(Dataset items)
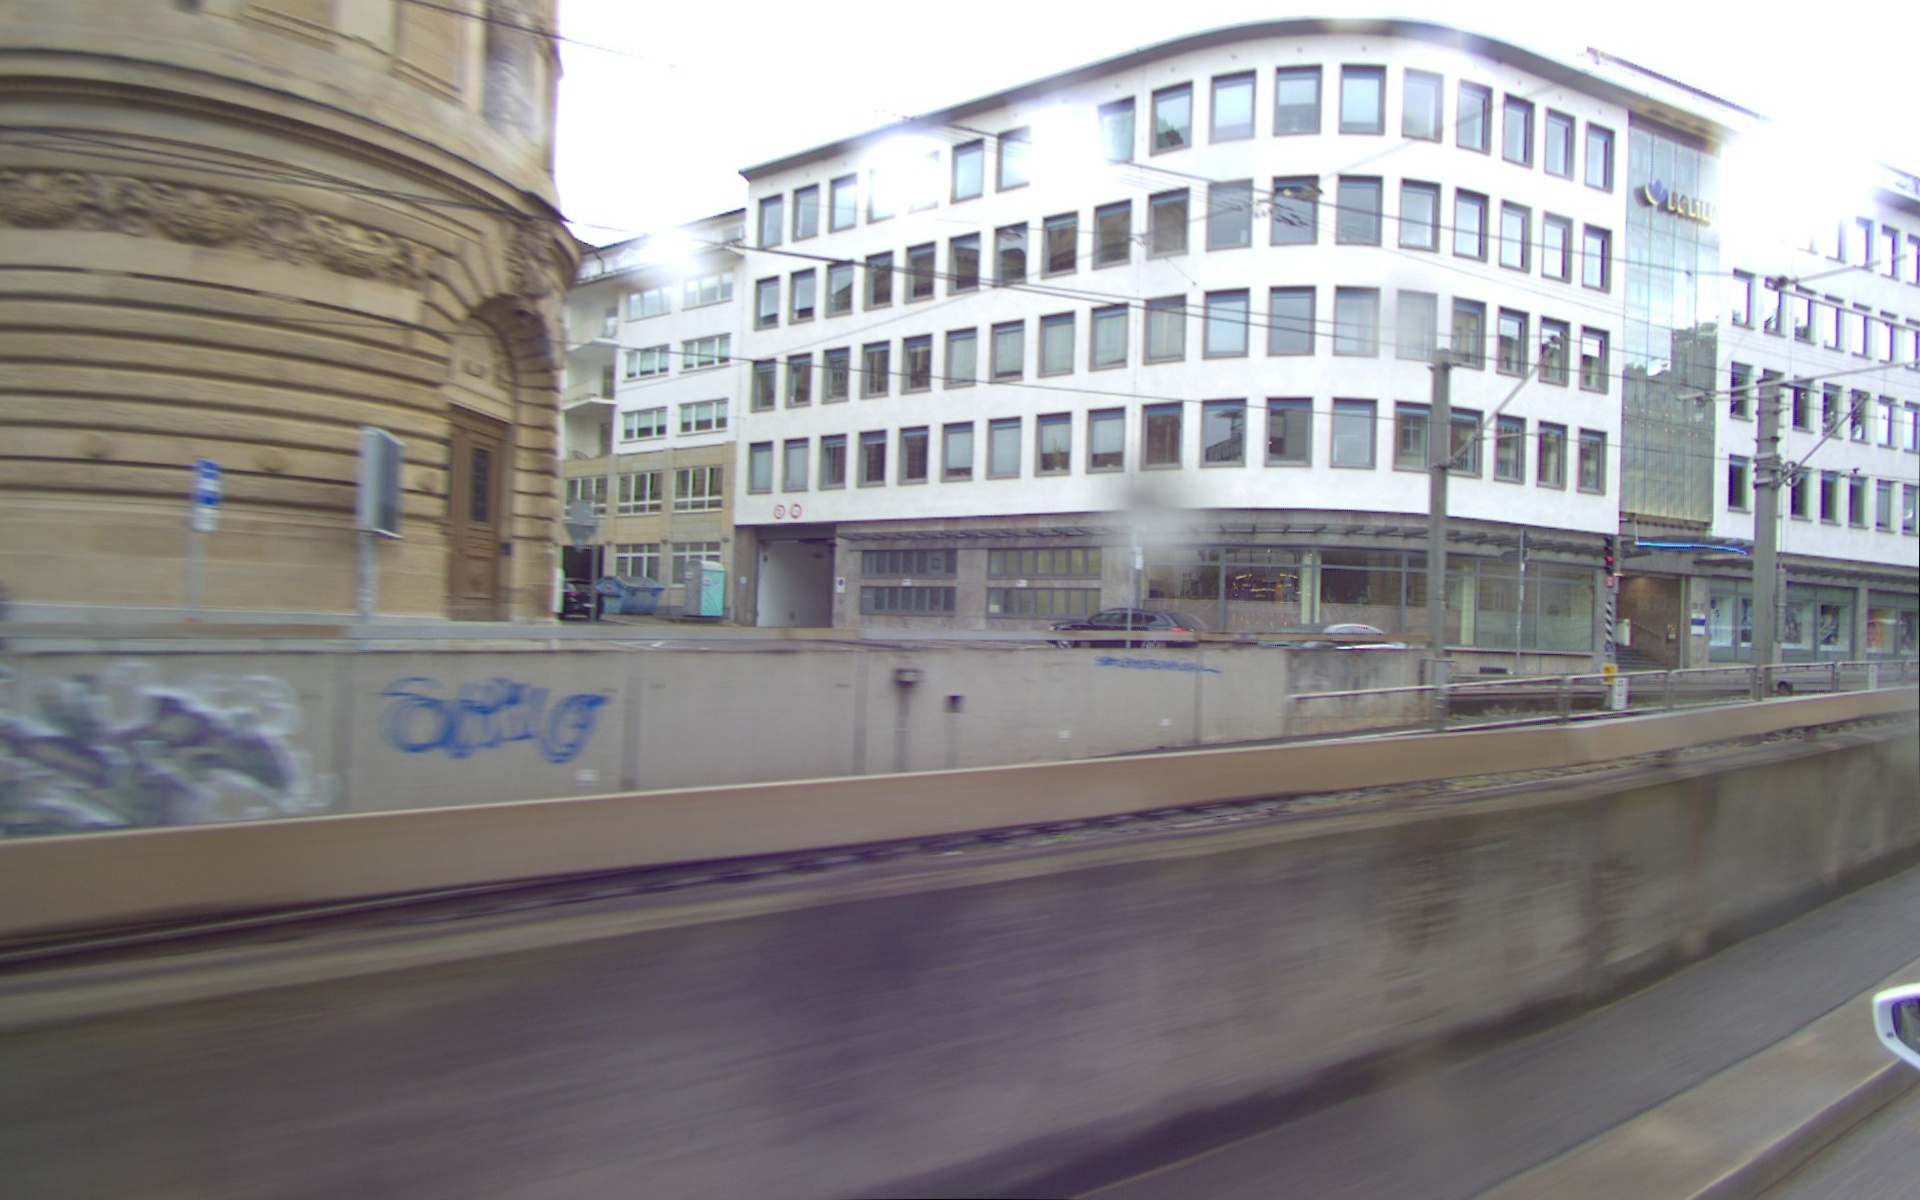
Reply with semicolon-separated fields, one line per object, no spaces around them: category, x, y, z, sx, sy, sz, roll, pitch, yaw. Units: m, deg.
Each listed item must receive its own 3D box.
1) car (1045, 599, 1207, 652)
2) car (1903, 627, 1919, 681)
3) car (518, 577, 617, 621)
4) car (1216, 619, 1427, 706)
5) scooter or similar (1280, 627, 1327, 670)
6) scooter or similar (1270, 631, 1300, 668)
car;5.103;0.815;31.127;4.696;1.542;1.673;-1;-3;31
car;36.510;2.008;36.205;4.860;1.908;1.988;2;0;-25
car;-14.944;0.014;38.175;3.945;1.438;1.989;-3;-4;43
car;7.220;1.213;20.083;3.613;1.548;1.988;2;0;-25
scooter or similar;10.081;1.425;29.485;1.166;1.194;0.547;2;0;-10
scooter or similar;9.790;1.484;30.280;0.538;1.058;0.822;2;0;-9
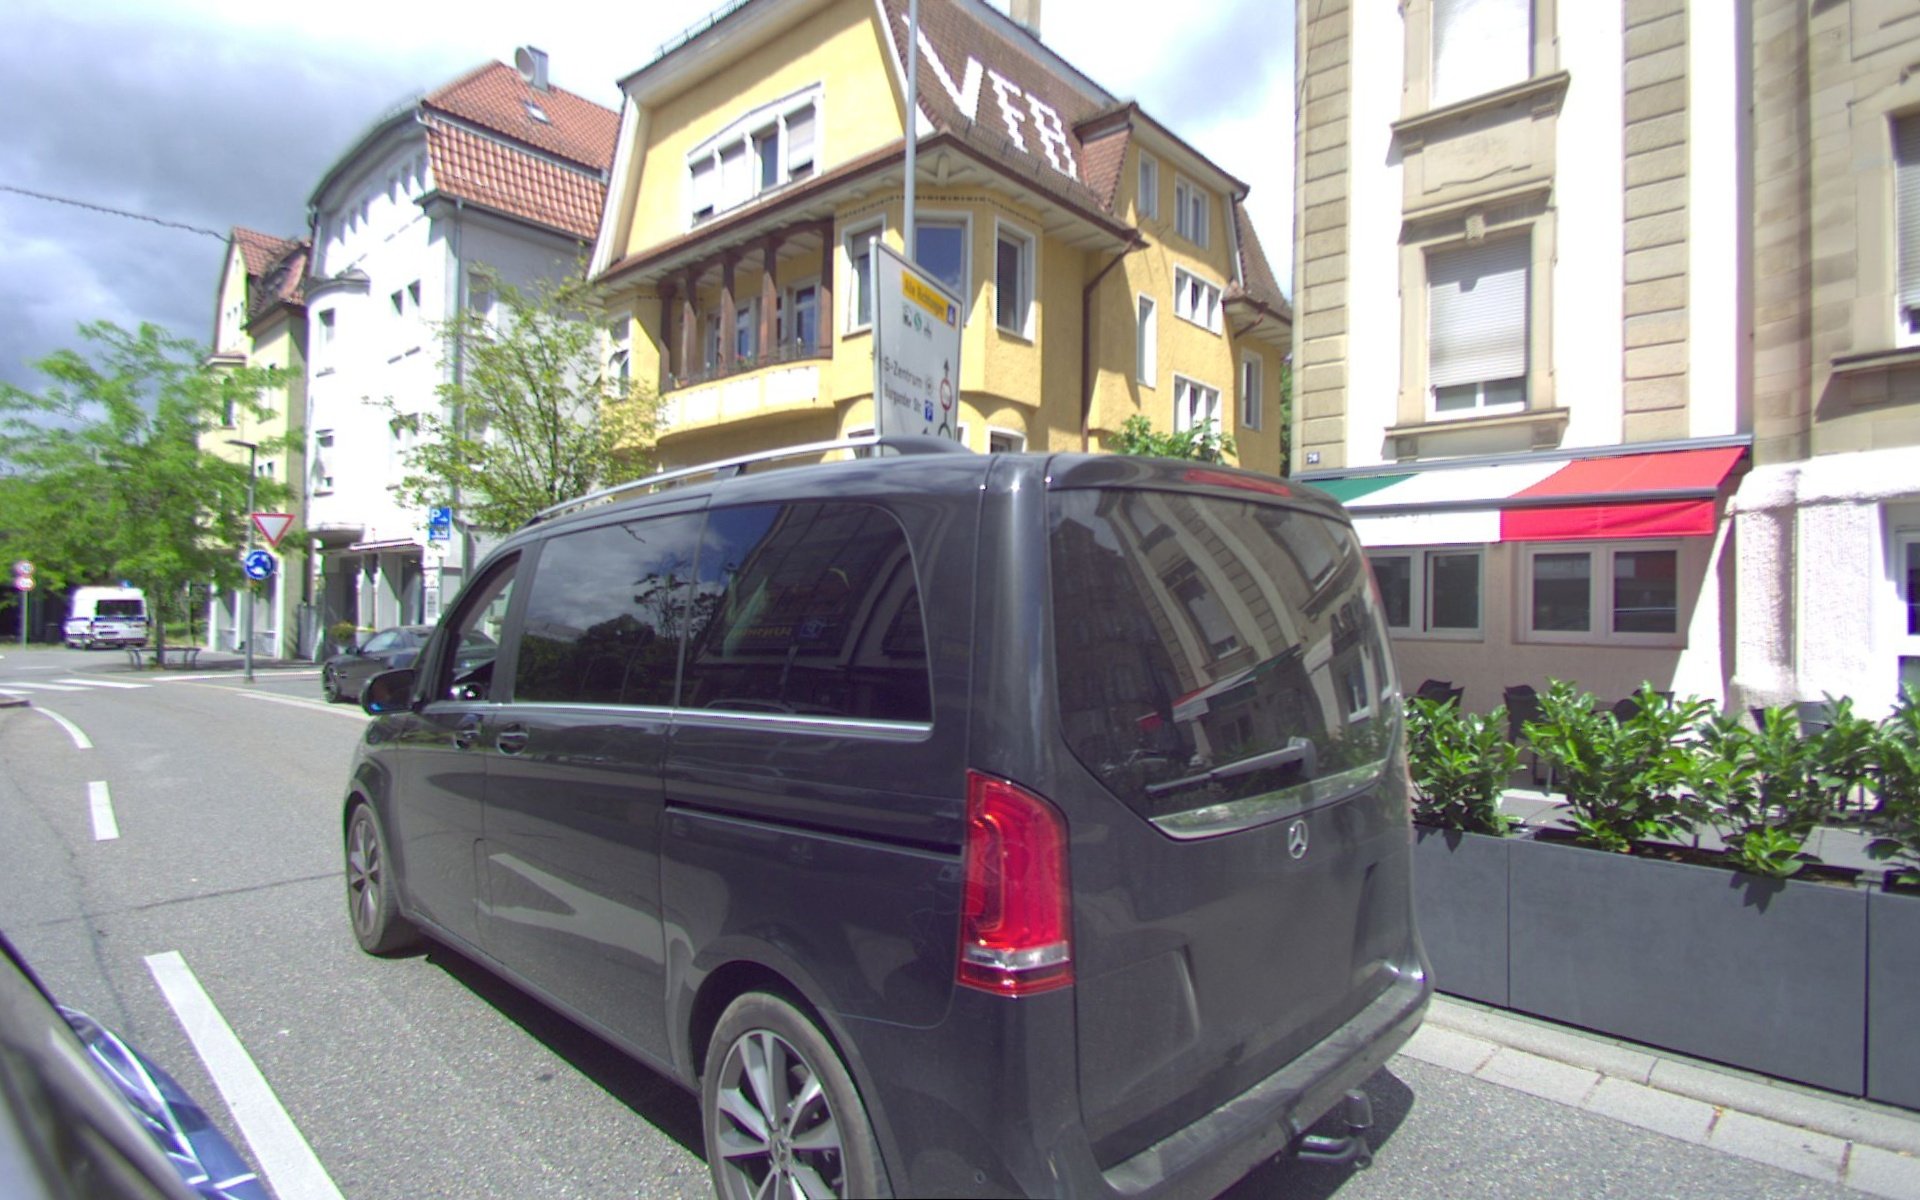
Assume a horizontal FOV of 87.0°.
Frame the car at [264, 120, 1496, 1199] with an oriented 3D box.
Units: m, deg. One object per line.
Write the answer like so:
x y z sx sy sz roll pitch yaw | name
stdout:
-1.027 0.355 3.949 5.178 1.948 1.850 -2 -3 45 | car

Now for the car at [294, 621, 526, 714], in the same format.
-8.937 1.024 16.293 4.461 1.314 1.700 -2 -2 39 | car

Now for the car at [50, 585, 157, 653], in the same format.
-36.539 0.748 43.066 7.263 2.692 2.280 0 0 40 | car
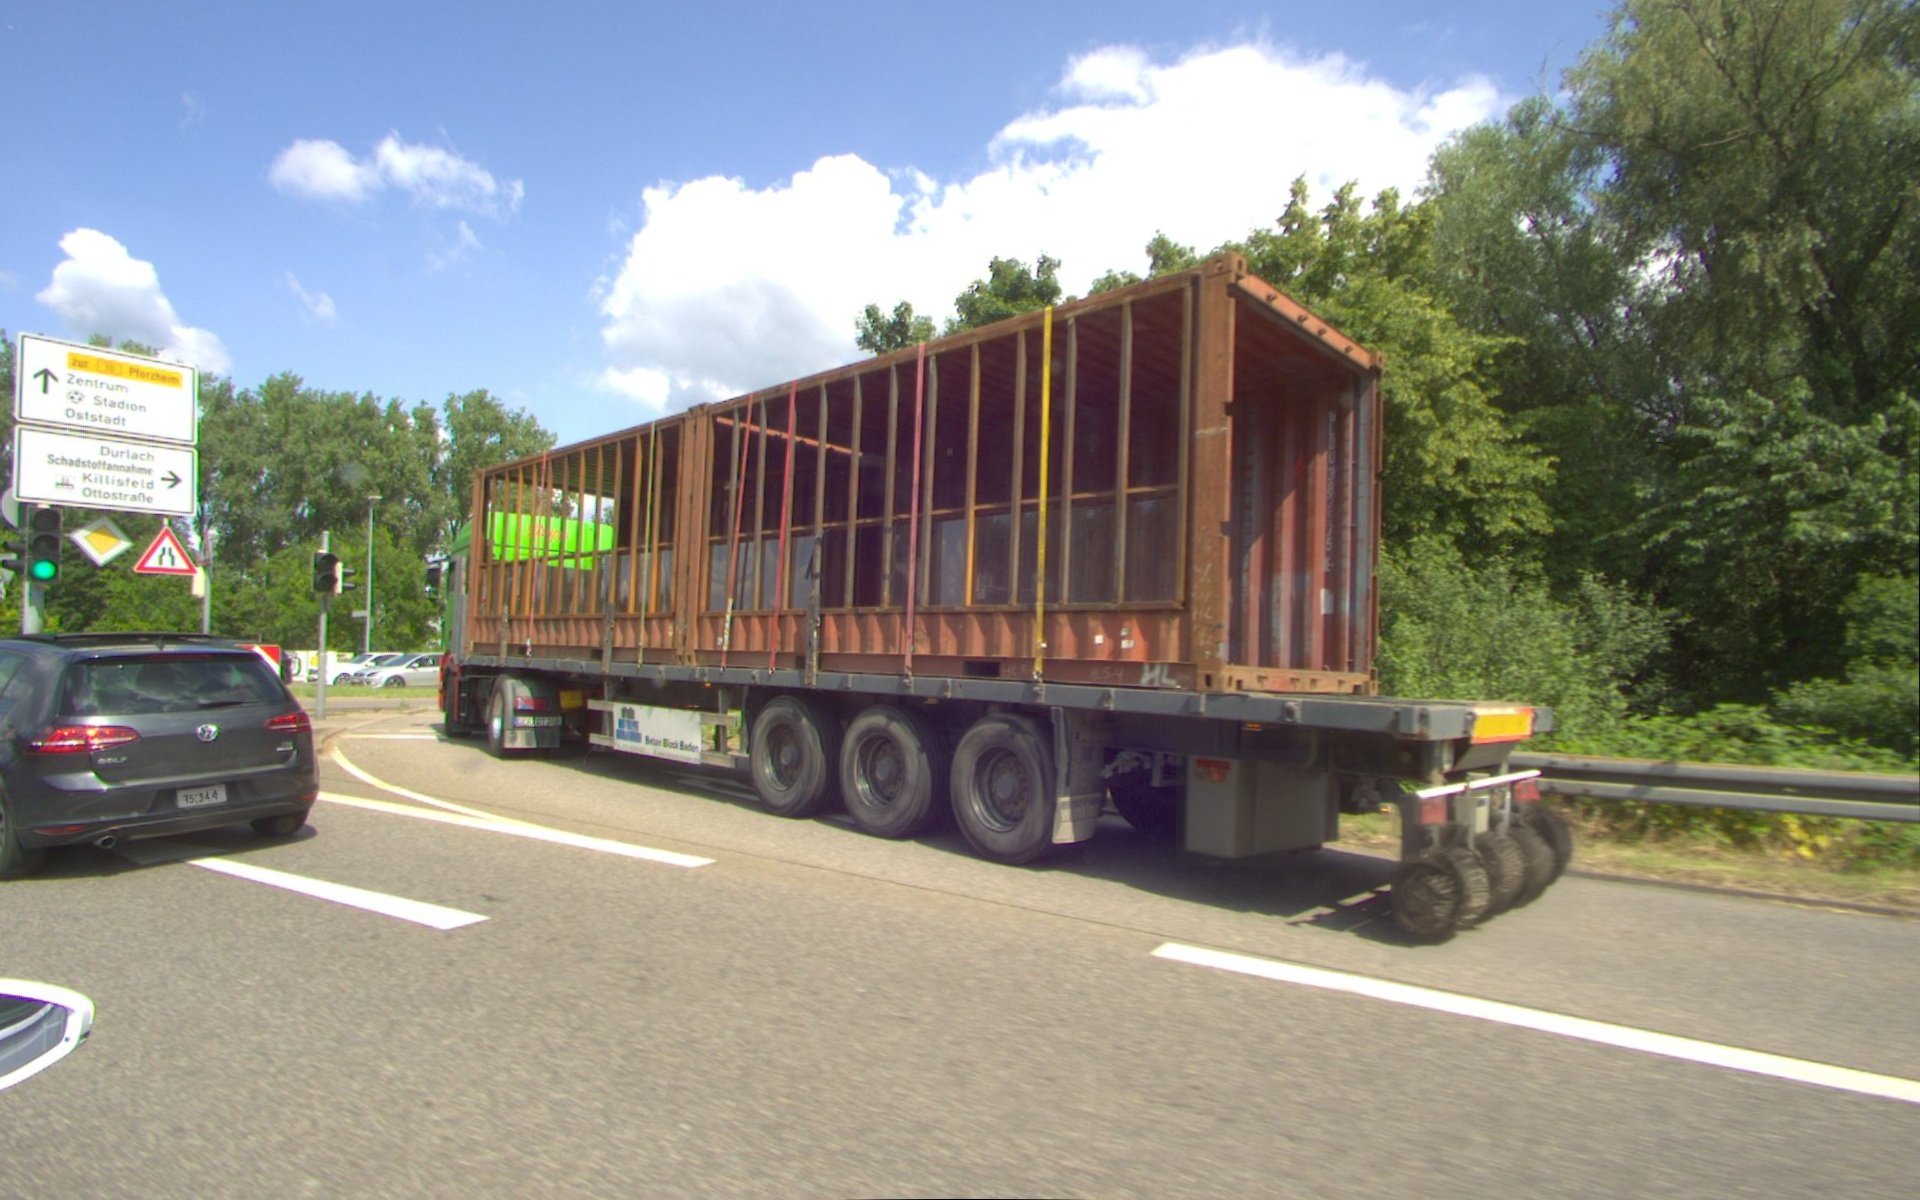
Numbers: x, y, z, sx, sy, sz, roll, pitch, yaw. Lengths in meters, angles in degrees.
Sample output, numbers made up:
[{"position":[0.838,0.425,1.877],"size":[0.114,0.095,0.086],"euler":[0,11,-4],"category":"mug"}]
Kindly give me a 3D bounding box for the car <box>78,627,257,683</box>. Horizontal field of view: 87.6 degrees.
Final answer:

** What this task involves **
The records above are to be restated exactly, with all pictures omitted.

** Task output **
Reply with semicolon-separated fields, one line per object, no spaces around them: category, x, y, z, sx, sy, sz, roll, pitch, yaw. Units: m, deg.
Each listed item must receive its own 3D box.
1) car (1045, 599, 1207, 652)
2) car (1903, 627, 1919, 681)
3) car (518, 577, 617, 621)
4) car (1216, 619, 1427, 706)
5) scooter or similar (1280, 627, 1327, 670)
6) scooter or similar (1270, 631, 1300, 668)
car;5.103;0.815;31.127;4.696;1.542;1.673;-1;-3;31
car;36.510;2.008;36.205;4.860;1.908;1.988;2;0;-25
car;-14.944;0.014;38.175;3.945;1.438;1.989;-3;-4;43
car;7.220;1.213;20.083;3.613;1.548;1.988;2;0;-25
scooter or similar;10.081;1.425;29.485;1.166;1.194;0.547;2;0;-10
scooter or similar;9.790;1.484;30.280;0.538;1.058;0.822;2;0;-9
Assume a horizontal FOV of 87.0°.
Frame the car at [264, 120, 1496, 1199] with an oriented 3D box.
Units: m, deg. One object per line.
Write the answer like so:
x y z sx sy sz roll pitch yaw | name
stdout:
-1.027 0.355 3.949 5.178 1.948 1.850 -2 -3 45 | car

Now for the car at [294, 621, 526, 714], in the same format.
-8.937 1.024 16.293 4.461 1.314 1.700 -2 -2 39 | car

Now for the car at [50, 585, 157, 653], in the same format.
-36.539 0.748 43.066 7.263 2.692 2.280 0 0 40 | car
Numbers: x, y, z, sx, sy, sz, roll, pitch, yaw. Lengths in meters, angles in degrees.
Sample output, numbers made up:
[{"position":[0.838,0.425,1.877],"size":[0.114,0.095,0.086],"euler":[0,11,-4],"category":"mug"}]
Kindly give me a 3D bounding box for the car <box>78,627,257,683</box>. Horizontal field of view: 87.6 degrees.
Final answer:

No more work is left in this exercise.